Re: [eigen] Adapting code from OpenCV (a seemingly much faster SVD)

[Benoit Jacob <jacob.benoit.1@xxxxxxxxx>]

and this one:
http://portal.acm.org/citation.cfm?id=1330191

2009/4/18 Benoit Jacob <jacob.benoit.1@xxxxxxxxx>:
> Two further remarks:
> - we really want SVD for all rectangular matrix sizes
> - i checked, there do exist cache-efficient block bidiagonalization
> algorithms although the articles seem recent, for example this 2008
> paper:
> http://portal.acm.org/citation.cfm?id=1356055
> Since they're so recent, I think it'd be acceptable to start
> short-term with a traditional householder bidiagonalization before
> starting considering these...
>
> Benoit
>
>
> 2009/4/18 Benoit Jacob <jacob.benoit.1@xxxxxxxxx>:
>> Hi,
>>
>> it's well known that our current SVD code, taken from JAMA, has many
>> issues.
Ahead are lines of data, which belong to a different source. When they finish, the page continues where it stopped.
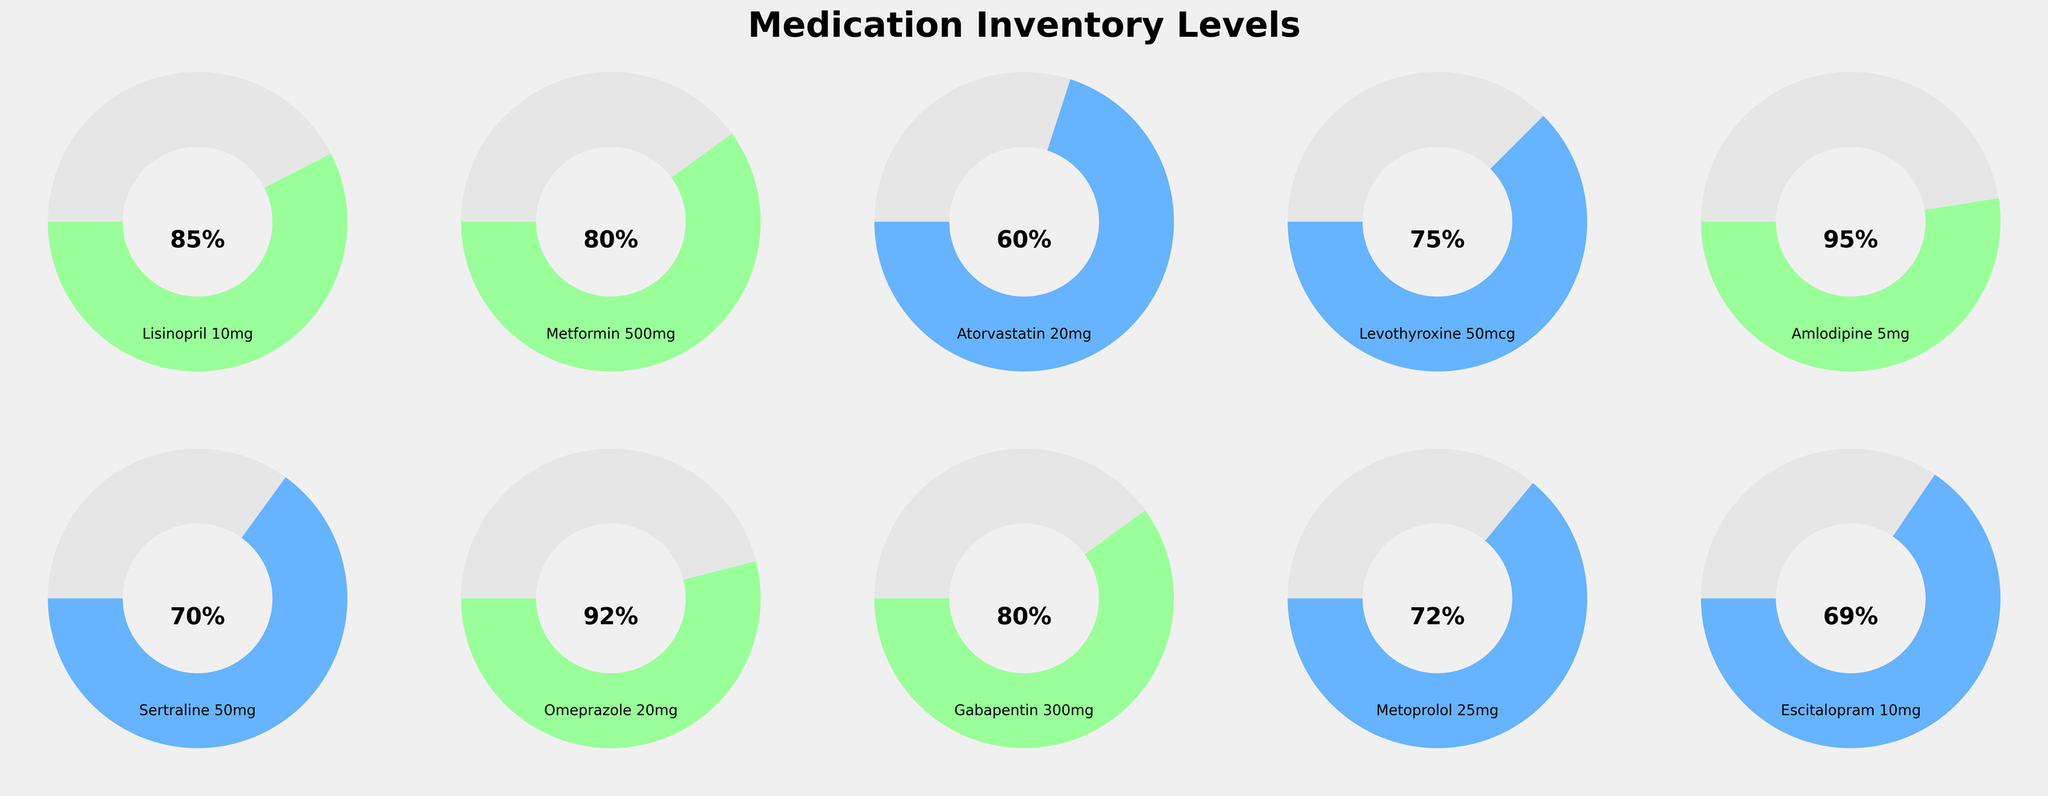Which medication has the highest inventory percentage compared to its par level? To determine which medication has the highest inventory percentage, we look at all the percentages shown on the gauge charts and find the maximum value. According to the figure, Amlodipine 5mg has the highest percentage at 95%.
Answer: Amlodipine 5mg Name two medications that have inventory levels at exactly 80%. To find the medications with an inventory level of 80%, we read the percentages on the gauge charts. The medications with 80% are Metformin 500mg and Gabapentin 300mg.
Answer: Metformin 500mg and Gabapentin 300mg What is the average inventory percentage of Lisinopril 10mg, Atorvastatin 20mg, and Levothyroxine 50mcg? To compute the average percentage, add up the percentages of Lisinopril 10mg (85%), Atorvastatin 20mg (60%), and Levothyroxine 50mcg (75%), then divide by 3. The calculation is (85 + 60 + 75) / 3 = 73.33%.
Answer: 73.33% Which medication has a lower inventory percentage: Metoprolol 25mg or Escitalopram 10mg? To determine which medication has a lower inventory percentage, compare the percentages for Metoprolol 25mg (72%) and Escitalopram 10mg (69%). Escitalopram 10mg has a lower percentage.
Answer: Escitalopram 10mg What is the total number of medications with inventory levels below 70%? To find the total number of medications with inventory levels below 70%, count all the gauge charts with percentages under 70%. According to the figure, the medications below 70% are Atorvastatin 20mg (60%) and Escitalopram 10mg (69%). Therefore, there are 2 medications.
Answer: 2 Which medication lies between 70% and 75% inventory level? To find the medication within the 70%-75% range, check the percentages and identify those that fall in this range. The medications are Sertraline 50mg (70%), Metoprolol 25mg (72%), and Levothyroxine 50mcg (75%).
Answer: Sertraline 50mg, Metoprolol 25mg, and Levothyroxine 50mcg How many medications have an inventory percentage equal to or above 90%? To find the number of medications with percentages equal to or above 90%, count the gauge charts with figures in this range: Amlodipine 5mg (95%) and Omeprazole 20mg (92%) meet this criterion. Therefore, there are 2 medications.
Answer: 2 Which medications have a lower inventory percentage than Lisinopril 10mg? To find medications with a lower inventory percentage than Lisinopril 10mg (85%), compare it to the other percentages: Atorvastatin 20mg (60%), Metformin 500mg (80%), Levothyroxine 50mcg (75%), Sertraline 50mg (70%), Metoprolol 25mg (72%), Gabapentin 300mg (80%), Escitalopram 10mg (69%). These all have lower percentages.
Answer: Metformin 500mg, Atorvastatin 20mg, Levothyroxine 50mcg, Sertraline 50mg, Metoprolol 25mg, Gabapentin 300mg, Escitalopram 10mg

We didn't intend to keep it long :)
>>
>> So it's been on my TODO to rewrite it from scratch. I was planning to
>> do it "very soon" but I've been lagging so I don't want to hold this
>> back any further if you think you've come up with a good solution.
>>
>> Here's what we really want for the SVD:
>> - it should be written on top of Eigen expressions rather than plain for loops.
>> - it should have fixed-size specializations, ideally generic working
>> for all fixed sizes.
>> - it should handle also complex numbers.
>>
>> That's why porting from OpenCV is not necessarily much shorter than
>> writing from scratch (unless they already have the fixed-size
>> specializations and Eigenifying all that isnt too hard).
>>
>> A useful thing would be to look at OpenCV's code and see if they are
>> doing clever cache-friendly things, especially in the
>> bidiagonalization step. That would be impressive and would justify
>> using their code rather than cooking our own. If they do, check if
>> it's octonion-based -- that would be interesting to know, but also
>> that wouldn't work with complex numbers.
>>
>> Otherwise, if they just do the classical householder
>> bidiagonalization, then we sure can to the same quickly by ourselves.
>>
>> Yes, the license is an issue. Actually it seems that they already had
>> the converse problem:
>> http://www.nabble.com/linking-to-LGPL-code-td16653123.html
>>
>> I'd say before considering license issues, check if they really do
>> such clever things that it's really better to use their code than
>> start from scratch. SVD isn't complicated unless one does special
>> cachefriendly things.
>>
>> Cheers,
>> Benoit
>>
>> 2009/4/18 Hauke Heibel <hauke.heibel@xxxxxxxxxxxxxx>:
>>> Hi,
>>>
>>> After performing some comparisons with Eigen's SVD (see attachment), I am
>>> wondering whether it might be of interest or possible at all to use the
>>> decomposition from OpenCV. I would volunteer :) to port it - maybe in a
>>> first step as a new SVD class in the 'disabled' folder that enables
>>> repeatable comparisons. This would obviously only make sense in case it is
>>> possible at all to use the code I have from the OpenCV lib. Actually, I
>>> ported the code before to our own hand-crafted linear algebra lib. But for
>>> Eigen, one definitely needs to take care of license issues. Since I have
>>> very little knowledge about these things, I am wondering whether somebody
>>> could comment on the attached license file - afaik, it is the same as when I
>>> copied the SVD code.
>>>
>>> The test results from the attached PDF were generated with double precision,
>>> dynamic size matrices of dimensions 25x25 up to 200x200 - each decomposition
>>> has been run 100 times. The graph contains the mean decomposition time in
>>> seconds for different matrix sizes (y-axis). The standard deviations in the
>>> legend are the deviations that occured while performing one and the same
>>> decomposition 100 times.
>>>
>>> Any comments would be welcome...
>>>
>>> Regards,
>>> Hauke
>>>
>>>
>>
>